Jones argues that the general conversation around climate change often focuses too heavily on individual behaviour, which ignores the bigger issue: “The responsibility here isn’t really with individuals. The responsibility lies with the systems that are driving this technology.
“We need AI firms thinking about how they can make sure their products are less environmentally damaging. And we need governments looking at AI infrastructure, as its being proposed, and asking do we need this one, do we need that? And we need employers and governments looking at procurement and asking which companies are going to have more of an environmental impact, which ones won’t.”

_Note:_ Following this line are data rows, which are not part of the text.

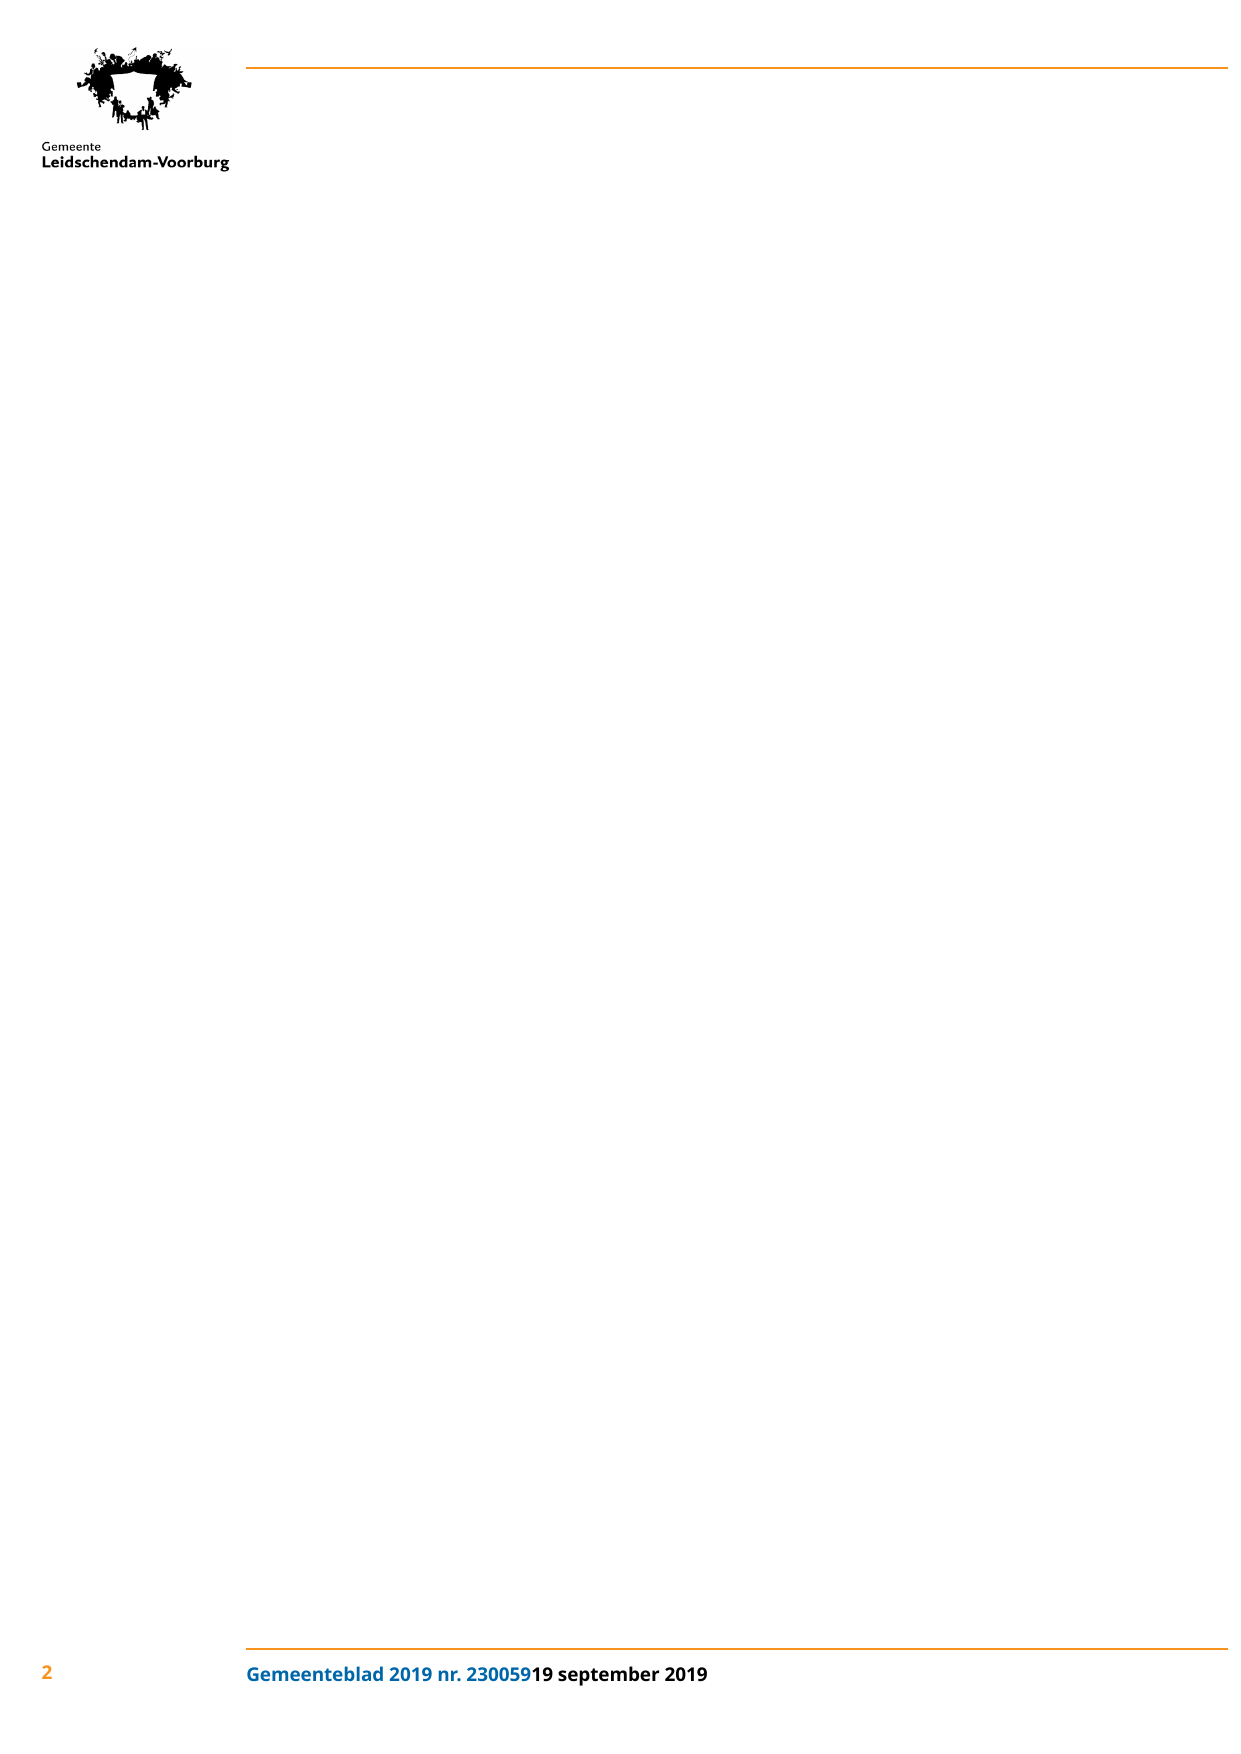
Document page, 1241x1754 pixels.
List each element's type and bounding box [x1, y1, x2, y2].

picture [41, 47, 231, 172]
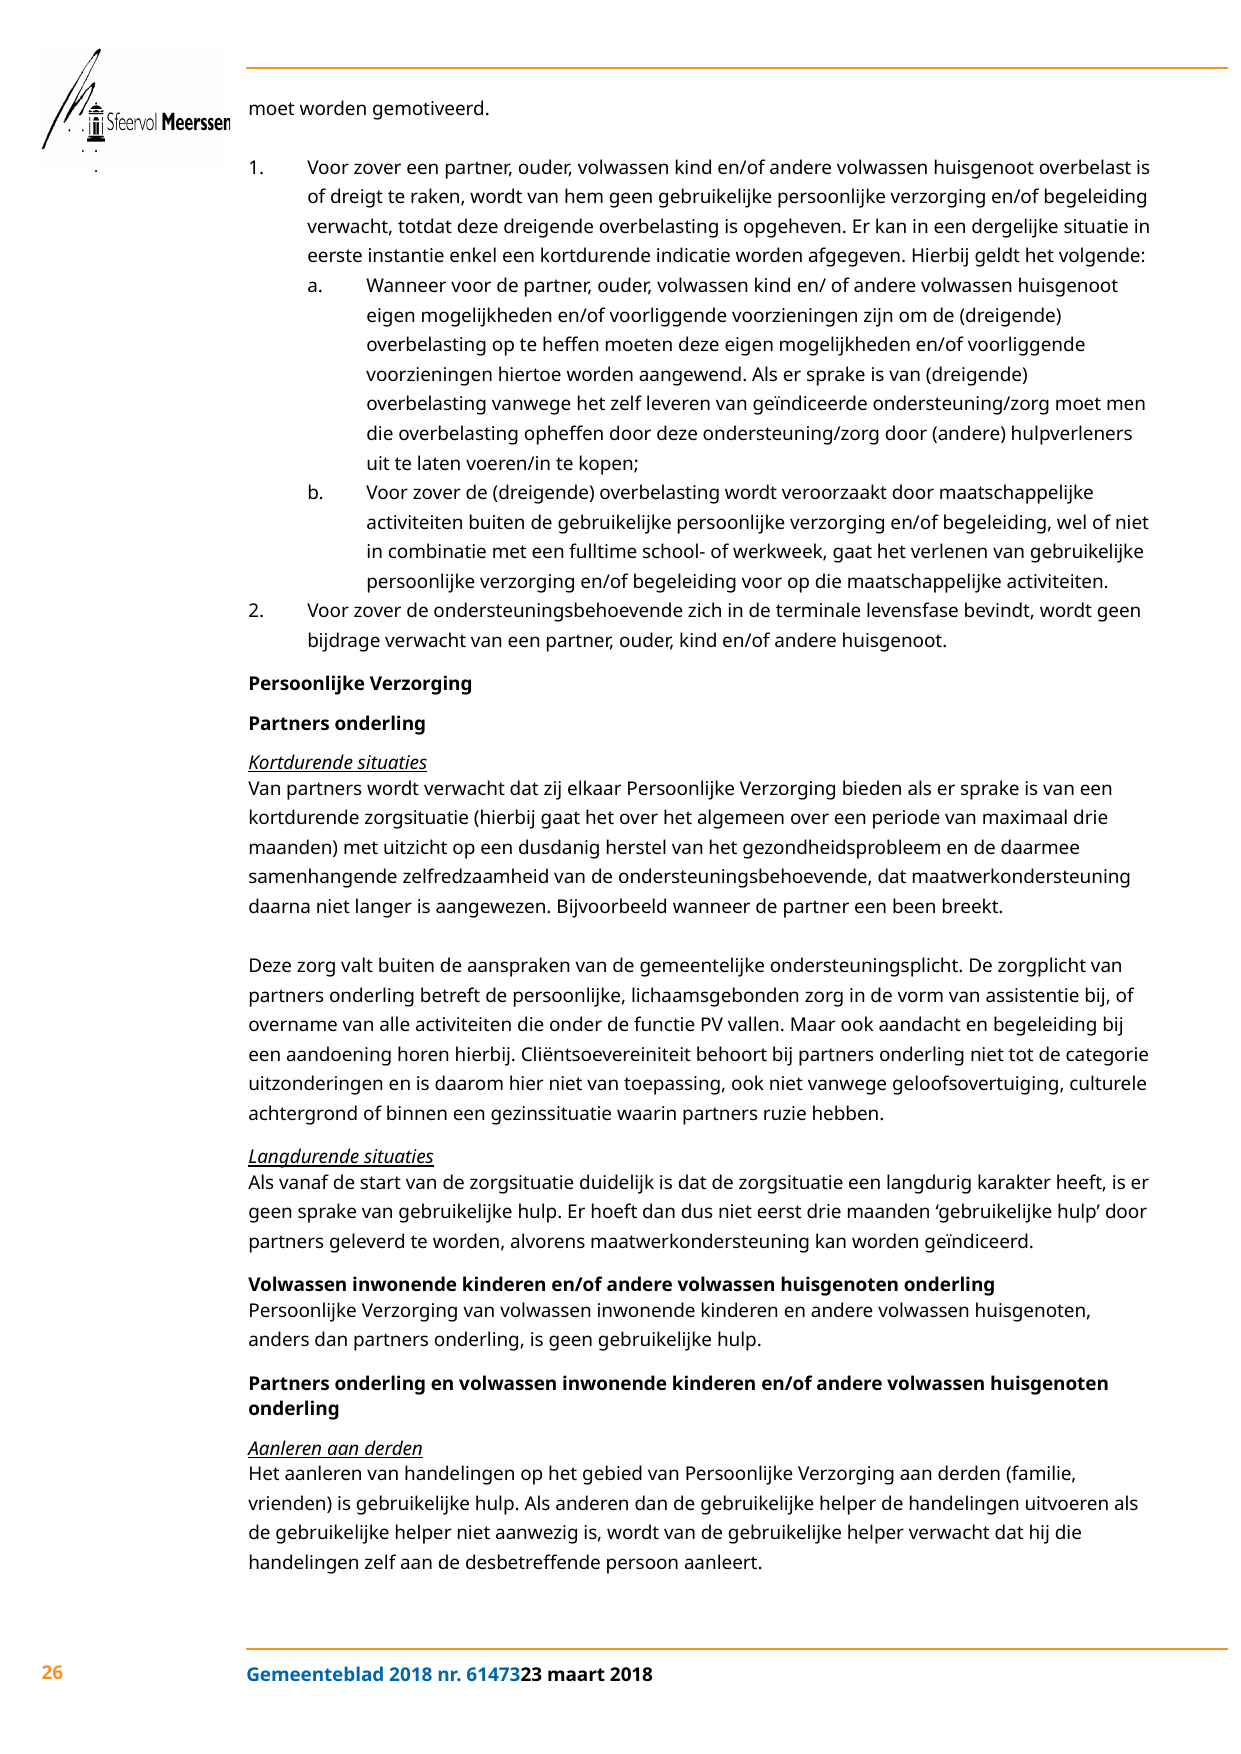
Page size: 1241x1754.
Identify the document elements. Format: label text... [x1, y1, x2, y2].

text Kortdurende situaties [248, 749, 1152, 775]
text Het aanleren van handelingen op het gebied van Persoonlijke Verzorging aan derden (familie, vrienden) is gebruikelijke hulp. Als anderen dan de gebruikelijke helper de handelingen uitvoeren als de gebruikelijke helper niet aanwezig is, wordt van de gebruikelijke helper verwacht dat hij die handelingen zelf aan de desbetreffende persoon aanleert. [248, 1460, 1152, 1575]
picture [41, 47, 231, 172]
list Voor zover een partner, ouder, volwassen kind en/of andere volwassen huisgenoot overbelast is of dreigt te raken, wordt van hem geen gebruikelijke persoonlijke verzorging en/of begeleiding verwacht, totdat deze dreigende overbelasting is opgeheven. Er kan in een dergelijke situatie in eerste instantie enkel een kortdurende indicatie worden afgegeven. Hierbij geldt het volgende: [248, 154, 1152, 268]
text Van partners wordt verwacht dat zij elkaar Persoonlijke Verzorging bieden als er sprake is van een kortdurende zorgsituatie (hierbij gaat het over het algemeen over een periode van maximaal drie maanden) met uitzicht op een dusdanig herstel van het gezondheidsprobleem en de daarmee samenhangende zelfredzaamheid van de ondersteuningsbehoevende, dat maatwerkondersteuning daarna niet langer is aangewezen. Bijvoorbeeld wanneer de partner een been breekt. [248, 775, 1152, 919]
text Langdurende situaties [248, 1143, 1152, 1169]
text Partners onderling [248, 710, 1152, 735]
list Wanneer voor de partner, ouder, volwassen kind en/ of andere volwassen huisgenoot eigen mogelijkheden en/of voorliggende voorzieningen zijn om de (dreigende) overbelasting op te heffen moeten deze eigen mogelijkheden en/of voorliggende voorzieningen hiertoe worden aangewend. Als er sprake is van (dreigende) overbelasting vanwege het zelf leveren van geïndiceerde ondersteuning/zorg moet men die overbelasting opheffen door deze ondersteuning/zorg door (andere) hulpverleners uit te laten voeren/in te kopen; [307, 272, 1152, 476]
text Als vanaf de start van de zorgsituatie duidelijk is dat de zorgsituatie een langdurig karakter heeft, is er geen sprake van gebruikelijke hulp. Er hoeft dan dus niet eerst drie maanden ‘gebruikelijke hulp’ door partners geleverd te worden, alvorens maatwerkondersteuning kan worden geïndiceerd. [248, 1169, 1152, 1254]
text Persoonlijke Verzorging [248, 670, 1152, 696]
text moet worden gemotiveerd. [248, 95, 1152, 121]
text Partners onderling en volwassen inwonende kinderen en/of andere volwassen huisgenoten onderling [248, 1370, 1152, 1421]
text Volwassen inwonende kinderen en/of andere volwassen huisgenoten onderling [248, 1271, 1152, 1297]
list Voor zover de (dreigende) overbelasting wordt veroorzaakt door maatschappelijke activiteiten buiten de gebruikelijke persoonlijke verzorging en/of begeleiding, wel of niet in combinatie met een fulltime school- of werkweek, gaat het verlenen van gebruikelijke persoonlijke verzorging en/of begeleiding voor op die maatschappelijke activiteiten. [307, 479, 1152, 594]
text Deze zorg valt buiten de aanspraken van de gemeentelijke ondersteuningsplicht. De zorgplicht van partners onderling betreft de persoonlijke, lichaamsgebonden zorg in de vorm van assistentie bij, of overname van alle activiteiten die onder de functie PV vallen. Maar ook aandacht en begeleiding bij een aandoening horen hierbij. Cliëntsoevereiniteit behoort bij partners onderling niet tot de categorie uitzonderingen en is daarom hier niet van toepassing, ook niet vanwege geloofsovertuiging, culturele achtergrond of binnen een gezinssituatie waarin partners ruzie hebben. [248, 952, 1152, 1126]
text Persoonlijke Verzorging van volwassen inwonende kinderen en andere volwassen huisgenoten, anders dan partners onderling, is geen gebruikelijke hulp. [248, 1297, 1152, 1352]
list Voor zover de ondersteuningsbehoevende zich in de terminale levensfase bevindt, wordt geen bijdrage verwacht van een partner, ouder, kind en/of andere huisgenoot. [248, 598, 1152, 653]
text Aanleren aan derden [248, 1435, 1152, 1460]

A fundamental issue, she says, is not whether AI can be used in any given instance, but whether it should be. “There are incredible applications. AI is really helping with cancer diagnosis, for example, and that’s amazing, that’s not something anyone would argue against. But do we really need to use it to generate every piece of written content? Especially when the results often aren’t even that good?”
What needs to change
Kate notes that “the government is incredibly reluctant to do anything that will slow down AI, and that includes regulation.” But addressing AI’s environmental impact will require action at multiple levels. UNISON’s key demands are:
- Mandatory reporting by data centres of energy use, water consumption and emissions
- Environmental impact assessments for new AI infrastructure projects
- Integration of AI demand into national water resource planning
- Penalties for misleading sustainability claims or ‘greenwashing’
- Public sector transparency through annual digital sustainability reports.
And this is what members can do:
- Collective bargaining and campaigning in their branches for responsible use of AI in the workplace, asking employers how AI fits in with their environmental strategy
- On an individual basis, ask if a task genuinely requires AI
- When using generative AI, use the smallest model possible generative – lighter models use significantly less energy
- Avoid using AI to generate images and videos – it uses a significant amount of energy.
As Kate Jones concludes: “There are so many questions as to whether we need to be using AI, but the environmental one is really important. When the environmental cost is so high, are we using AI where it truly matters – or simply because we can?”